In Virginia, 65 percent of independents cast their ballots for McDonnell and in New Jersey, Christie took 60 percent of the independent vote, according to CNN’s early exit polls. The economy and jobs were the most important issue to voters in both states, with 32 percent of New Jersey voters and almost half of Virginia voters saying so. Six in ten New Jersey voters and 55 percent of Virginians said Obama had no effect on their vote.
The data refute the arguments of Republicans who said the races were referenda on Obama, said David Plouffe, the president’s former campaign manager.
‘Local Races’
“These are local races,” he said in an interview yesterday on Bloomberg Television. “By Thursday or Friday the remnants of this will be forgotten.”
Tom Reynolds, a former congressman from New York and head of the National Republican Congressional Committee, agreed.
“It probably will have little to do with next year’s outcome,” he said. “Whether it is who wins the House baseball game or a fight in the off-year, people are wanting to take credit.”
While voters in Virginia said the race wasn’t a referendum on Obama, the low turnout among blacks and young voters was a failure of his grassroots campaign machine, said Jennifer Duffy, an analyst at the Cook Political Report in Washington.
“Looking to 2010, it’s a good lesson to relearn,” she said. “It’s not going to be the silver bullet for Democrats.”

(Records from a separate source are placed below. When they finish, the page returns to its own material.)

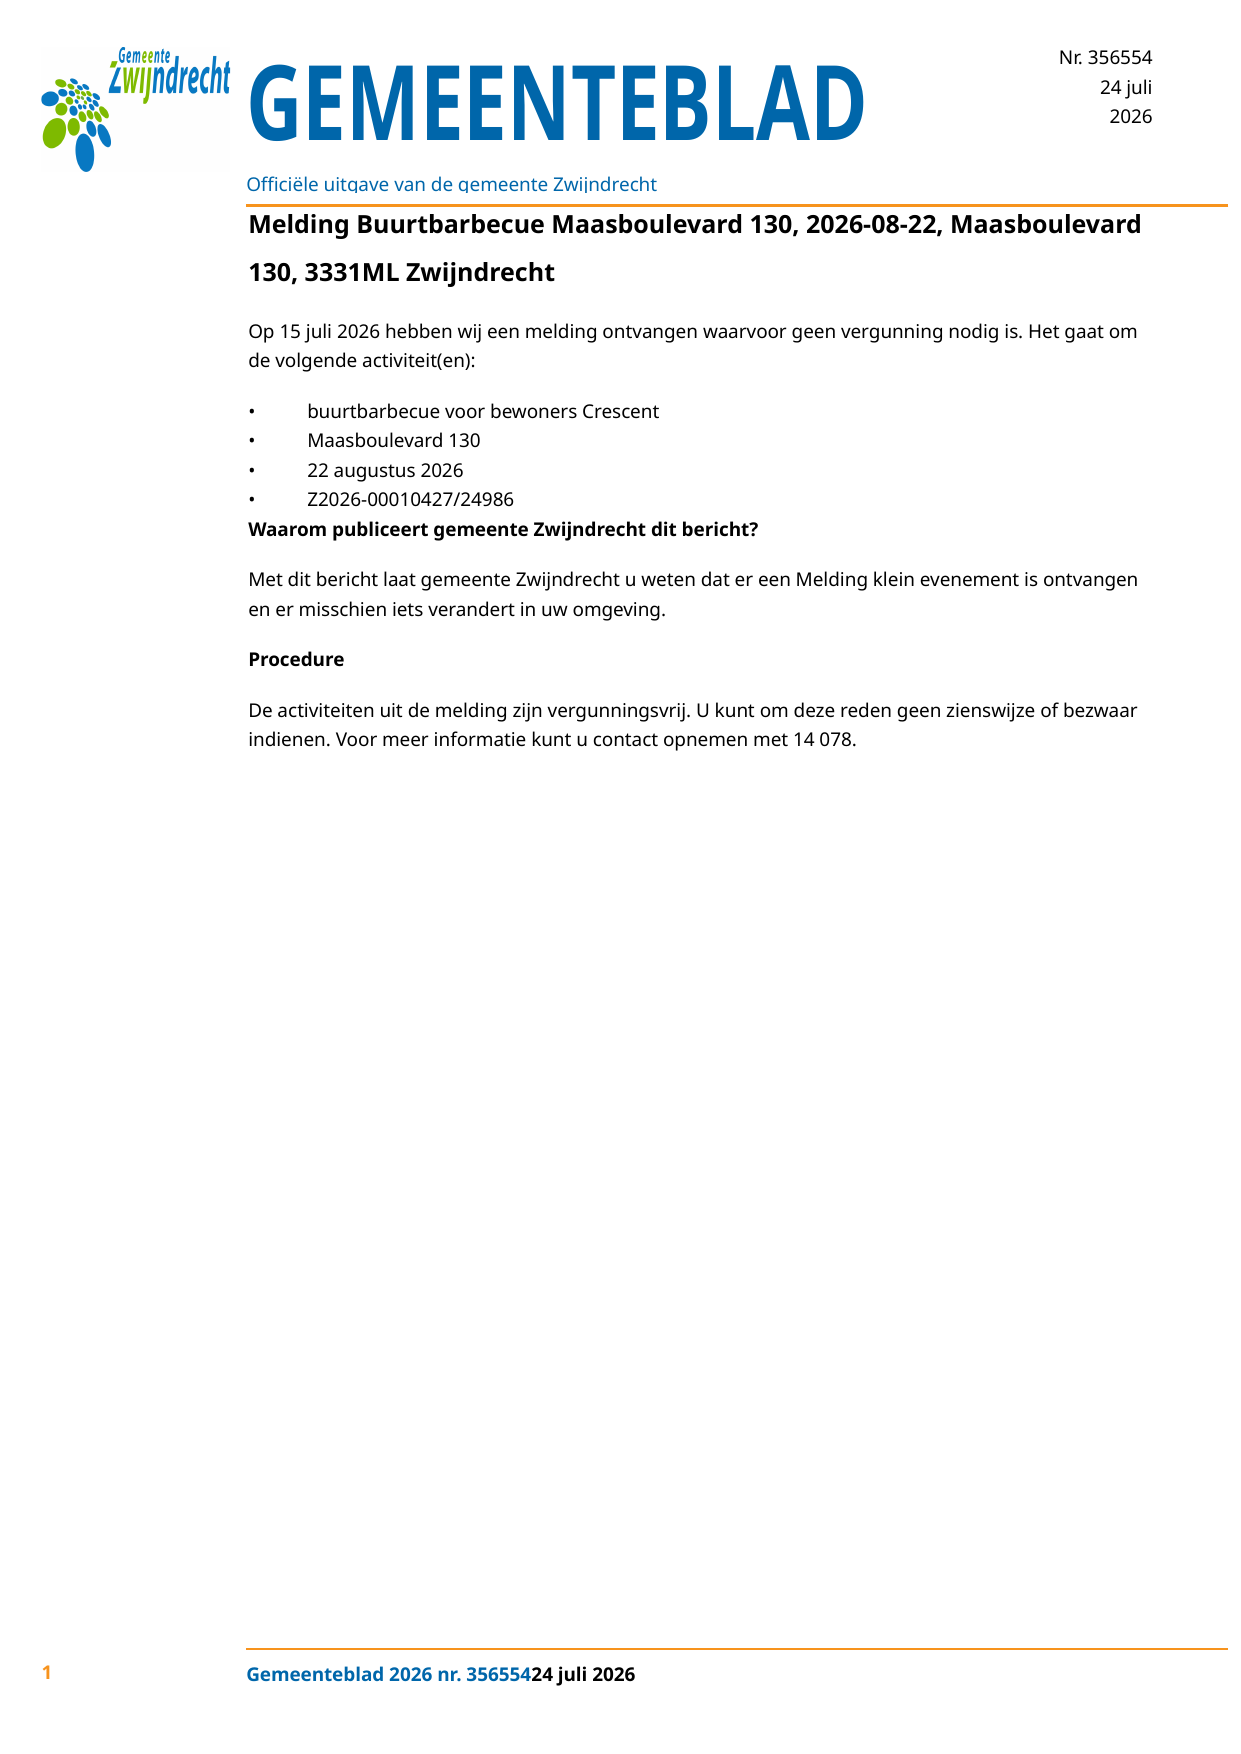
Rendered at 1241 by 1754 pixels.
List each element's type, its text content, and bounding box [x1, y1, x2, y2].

picture [41, 47, 231, 172]
text De activiteiten uit de melding zijn vergunningsvrij. U kunt om deze reden geen zienswijze of bezwaar indienen. Voor meer informatie kunt u contact opnemen met 14 078. [248, 697, 1152, 752]
list Z2026-00010427/24986 [248, 487, 1152, 512]
list Maasboulevard 130 [248, 427, 1152, 453]
text Procedure [248, 647, 1152, 672]
text Melding Buurtbarbecue Maasboulevard 130, 2026-08-22, Maasboulevard 130, 3331ML Zwijndrecht [248, 207, 1152, 288]
list buurtbarbecue voor bewoners Crescent [248, 398, 1152, 424]
text Waarom publiceert gemeente Zwijndrecht dit bericht? [248, 516, 1152, 542]
text Met dit bericht laat gemeente Zwijndrecht u weten dat er een Melding klein evenement is ontvangen en er misschien iets verandert in uw omgeving. [248, 567, 1152, 622]
text Op 15 juli 2026 hebben wij een melding ontvangen waarvoor geen vergunning nodig is. Het gaat om de volgende activiteit(en): [248, 318, 1152, 373]
list 22 augustus 2026 [248, 457, 1152, 483]

Amo Houghton, a former New York congressman and founder of the Republican Main Street Partnership, which promotes centrist Republicans, said the ouster of Scozzafava by Hoffman could be a bad omen for the party. Hoffman had assailed Scozzafava’s support for the stimulus, gay marriage and abortion rights. Owens had 49 percent of the vote, compared with 45.6 percent for Hoffman.
‘Tragic’
“It’s tragic,” he said. “You don’t turn on your own people if you believe in the country and the two-party system.”
Armey said Republicans would have won if they “had nominated a true conservative from the outset.”
John Lapp, who was the director of the Democratic Congressional Campaign Committee in 2006 under then Illinois Representative Rahm Emanuel, said the results last night could impair Republicans chances in swing districts, such as the Northeast, where there are only two Republican senators, Olympia Snowe and Susan Collins of Maine.
“There has been a purist civil war, revolution for the heart and soul of the party and the moderates have lost,” Lapp said.